→ What to do: Begin with the line that holds "Reply with one" and repeat each line after it exactly, ending with the last line of the listing.

[Start of section]

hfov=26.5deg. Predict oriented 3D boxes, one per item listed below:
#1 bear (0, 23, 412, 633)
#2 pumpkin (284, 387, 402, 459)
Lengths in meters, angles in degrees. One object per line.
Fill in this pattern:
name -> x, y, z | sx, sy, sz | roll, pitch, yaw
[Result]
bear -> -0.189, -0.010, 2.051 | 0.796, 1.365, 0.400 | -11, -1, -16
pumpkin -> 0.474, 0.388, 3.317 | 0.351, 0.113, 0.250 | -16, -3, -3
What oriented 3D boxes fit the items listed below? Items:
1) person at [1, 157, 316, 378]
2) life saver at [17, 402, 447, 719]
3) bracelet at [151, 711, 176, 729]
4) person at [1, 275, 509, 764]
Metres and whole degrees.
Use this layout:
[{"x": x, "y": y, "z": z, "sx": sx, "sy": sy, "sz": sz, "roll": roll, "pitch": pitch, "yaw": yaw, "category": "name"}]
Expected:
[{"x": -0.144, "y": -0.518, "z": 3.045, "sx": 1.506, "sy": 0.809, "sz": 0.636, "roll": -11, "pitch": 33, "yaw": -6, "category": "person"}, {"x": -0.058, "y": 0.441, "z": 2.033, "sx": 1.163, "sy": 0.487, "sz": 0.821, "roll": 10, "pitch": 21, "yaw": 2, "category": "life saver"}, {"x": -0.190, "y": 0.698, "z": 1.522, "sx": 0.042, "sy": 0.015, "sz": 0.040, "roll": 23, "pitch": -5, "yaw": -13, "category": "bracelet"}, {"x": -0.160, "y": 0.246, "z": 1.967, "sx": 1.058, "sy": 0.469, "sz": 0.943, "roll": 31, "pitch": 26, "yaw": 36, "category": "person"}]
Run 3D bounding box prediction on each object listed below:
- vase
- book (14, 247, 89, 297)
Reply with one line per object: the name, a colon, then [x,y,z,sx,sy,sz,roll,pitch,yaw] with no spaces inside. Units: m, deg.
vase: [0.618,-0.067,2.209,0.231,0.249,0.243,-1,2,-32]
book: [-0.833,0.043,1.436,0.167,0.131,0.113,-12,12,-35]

[End of section]

→ Finished task:
Reply with one line per object: the name, a colon, then [x,y,z,sx,sy,sz,roll,pitch,yaw] with no spaces inside. Units: m, deg.
vase: [0.618,-0.067,2.209,0.231,0.249,0.243,-1,2,-32]
book: [-0.833,0.043,1.436,0.167,0.131,0.113,-12,12,-35]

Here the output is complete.